Звать меня Кузнецов. Я один. - страница 21
Обидно, но в районной газете светлые устремления ребят не оценили. Там сменилось начальство, и команда нового редактора Ф. Авраменко всячески пыталась настроить их на другой лад. Профессиональные репортёры хотели, чтобы приятели прежде всего воспевали только рабочий класс. Любовная лирика, пейзажные зарисовки, отступления в прошлое газетные зубры не приветствовали. Стоило Горскому принести в редакцию короткое лирическое стихотворение «Окошко», в котором были и эти четыре строчки: «Кто-то живёт и не знает, / Что за соседним углом / Чья-то любовь коротает / Ночь вот под этим окном», как на него тут же публично напустился Игорь Косач. Возомнив себя главным в Тихорецке ценителем поэзии, этот Косач заявил в своём газетном обзоре, что Горский малоперспективен. «К сожалению, — утверждал Косач, — тема труда, общественной жизни в его поэтических опытах ещё не нашли отражения» («Ленинский путь», 1960, 10 января). Кузнецову повезло чуть больше. Косач даже слегка его похвалил. Он писал: «Как огромную строительную площадку рисует страну в своём поэтическом воображении Ю. Кузнецов. И от частного эпизода он приходит к образному художественному обобщению. Вот куплет из его стихотворения: „И была одна степь вначале, / А теперь корпуса стоят, / Здесь сердца рабочих ночами / Коммунизма огнями горят“». Но можно ли такой похвале было верить? Что говорить об уровне мышления автора поэтического обзора, если он строфы именовал куплетами.

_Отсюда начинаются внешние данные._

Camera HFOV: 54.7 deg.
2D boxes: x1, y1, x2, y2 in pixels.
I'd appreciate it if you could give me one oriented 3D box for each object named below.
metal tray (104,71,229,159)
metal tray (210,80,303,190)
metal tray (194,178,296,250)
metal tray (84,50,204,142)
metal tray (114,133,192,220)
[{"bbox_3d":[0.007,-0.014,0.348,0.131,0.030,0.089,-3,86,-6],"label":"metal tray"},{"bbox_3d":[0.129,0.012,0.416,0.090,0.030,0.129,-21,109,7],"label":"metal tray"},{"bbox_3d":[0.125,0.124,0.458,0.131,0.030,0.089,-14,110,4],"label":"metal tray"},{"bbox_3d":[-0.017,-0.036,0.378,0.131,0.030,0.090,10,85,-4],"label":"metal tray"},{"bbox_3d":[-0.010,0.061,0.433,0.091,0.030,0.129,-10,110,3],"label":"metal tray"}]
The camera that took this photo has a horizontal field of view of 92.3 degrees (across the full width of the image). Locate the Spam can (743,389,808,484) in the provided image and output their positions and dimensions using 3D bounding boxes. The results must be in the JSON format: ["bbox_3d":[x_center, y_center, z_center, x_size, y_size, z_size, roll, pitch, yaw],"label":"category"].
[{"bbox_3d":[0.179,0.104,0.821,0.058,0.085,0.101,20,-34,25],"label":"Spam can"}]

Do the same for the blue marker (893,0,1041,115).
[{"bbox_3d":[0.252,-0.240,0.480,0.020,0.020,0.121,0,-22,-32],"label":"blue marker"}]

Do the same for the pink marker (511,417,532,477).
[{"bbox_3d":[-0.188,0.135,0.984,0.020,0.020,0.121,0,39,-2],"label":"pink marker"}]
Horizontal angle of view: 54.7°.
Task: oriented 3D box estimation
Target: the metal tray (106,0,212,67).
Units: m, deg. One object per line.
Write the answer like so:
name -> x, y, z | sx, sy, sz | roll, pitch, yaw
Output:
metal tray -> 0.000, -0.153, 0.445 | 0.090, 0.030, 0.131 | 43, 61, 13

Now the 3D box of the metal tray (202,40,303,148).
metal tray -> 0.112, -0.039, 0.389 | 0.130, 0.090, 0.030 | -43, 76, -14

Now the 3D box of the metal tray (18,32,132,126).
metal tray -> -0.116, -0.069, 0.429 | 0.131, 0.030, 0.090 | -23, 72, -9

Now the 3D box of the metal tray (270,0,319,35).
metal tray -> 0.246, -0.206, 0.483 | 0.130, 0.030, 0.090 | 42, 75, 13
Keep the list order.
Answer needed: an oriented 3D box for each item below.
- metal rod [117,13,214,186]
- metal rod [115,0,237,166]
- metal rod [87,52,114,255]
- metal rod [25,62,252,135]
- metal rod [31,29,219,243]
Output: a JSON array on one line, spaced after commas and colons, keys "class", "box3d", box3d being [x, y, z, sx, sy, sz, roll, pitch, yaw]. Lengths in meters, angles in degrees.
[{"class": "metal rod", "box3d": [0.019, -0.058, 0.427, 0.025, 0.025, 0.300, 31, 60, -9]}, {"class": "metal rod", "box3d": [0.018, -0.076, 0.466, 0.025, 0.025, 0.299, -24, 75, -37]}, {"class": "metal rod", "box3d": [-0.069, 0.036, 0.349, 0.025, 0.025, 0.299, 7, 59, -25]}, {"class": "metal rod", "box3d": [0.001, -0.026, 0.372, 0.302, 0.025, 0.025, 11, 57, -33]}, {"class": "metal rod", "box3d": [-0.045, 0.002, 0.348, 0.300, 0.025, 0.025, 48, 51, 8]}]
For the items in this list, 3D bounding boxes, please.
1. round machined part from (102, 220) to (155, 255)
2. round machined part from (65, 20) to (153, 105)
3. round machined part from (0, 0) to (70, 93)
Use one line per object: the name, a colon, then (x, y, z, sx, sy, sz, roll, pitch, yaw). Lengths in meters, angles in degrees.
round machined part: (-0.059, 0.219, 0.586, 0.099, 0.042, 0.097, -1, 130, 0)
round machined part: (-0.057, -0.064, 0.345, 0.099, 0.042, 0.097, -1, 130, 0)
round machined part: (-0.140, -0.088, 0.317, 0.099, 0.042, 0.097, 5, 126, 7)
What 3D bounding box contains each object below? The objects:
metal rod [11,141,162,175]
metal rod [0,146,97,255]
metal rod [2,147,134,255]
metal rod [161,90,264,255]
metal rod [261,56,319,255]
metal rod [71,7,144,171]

Так что если говорить о том, кто в старших классах реально повлиял на формирование характера Кузнецова, то в первую очередь следует назвать всё же не районных газетчиков, а нового директора школы. Кузнецов в некоторых своих зарисовках именовал его Юрием Фёдоровичем. Я отыскал в бумагах поэта небольшой фрагмент из незавершённой автобиографической повести Кузнецова «Зелёные ветки», относящийся к этому Юрию Фёдоровичу. Кузнецов писал:
«Кроме матери, отцовских писем и Шурки у меня был Юрий Фёдорович, директор школы, в которой я учился. В то время на моём подбородке настойчиво пробивался мотыльковый пух — дымок юности, а детство незаметно, как снежинка на ладони, кончалось. На самом краю детства под бравурный марш Юрий Фёдорович вручил мне аттестат зрелости. Он пожал мою бедную руку и коротко шепнул:
— Кого любят, того, знаешь, бьют.
Однажды я сбежал с урока английского языка и прямо на улице наткнулся на директора. Он посмотрел на часы и сказал, устало вздохнув: „Пойдём со мной. Ты должен понять“. Но понять ничего было невозможно: Я очутился в кино, какой-то документальный фильм о жизни нашей страны. Когда мы вышли, директор сказал: „Мораль сей басни такова. Ты своими глазами сейчас видел, как люди трудятся и что они создают. И запомни: они дают тебе всё: тротуар, дом, солнце, книги, школу — только чтобы ты рос и до поры до времени набирался ума. Они спросят с тебя всё это сполна, натурой, дочиста. Да придёт время и ты сам спросишь с себя и это небо над головой и эту землю под ногами. Есть такая честность у человека, называется она совесть. Она всегда должна находиться в покое, ясности и чистоте. Ведь сквозь эту ясность и чистоту человек видит, как ему жить и правильно поступать в жизни. А если совесть неспокойна, взбаламучена, что сквозь неё разглядишь? Тогда человек может только наломать дров… Эх, ты!“
Это било. Обычно он не любил заглядывать в дневники, когда они были полны страхолюдных отметок. Он всегда смотрел в глаза. Знал, видно, куда смотреть. Как будто отец. А мой отец погиб на войне. Когда я уезжал, он задержал мою руку и сказал:
— Тебе хочется необыкновенного. В людях, в себе. Понимаю, молодость. Знаешь, старик, я ведь тоже скоро отсюда уеду. Некоторые меня здесь считают оригиналом: оставил должность в крупном городе и семь лет отдал провинции. Но так нужно. Понимаешь?
Он испытующе смотрел мне в глаза, но я его понял намного позже. Директор жил нелегко, сложно. И он просил искорку сочувствия от меня, молокососа! Он лишний раз напоминал о том, что кругом живут люди, что они смеются, любят и ненавидят, что я должен им ДАВАТЬ. Он бил и в последнюю минуту».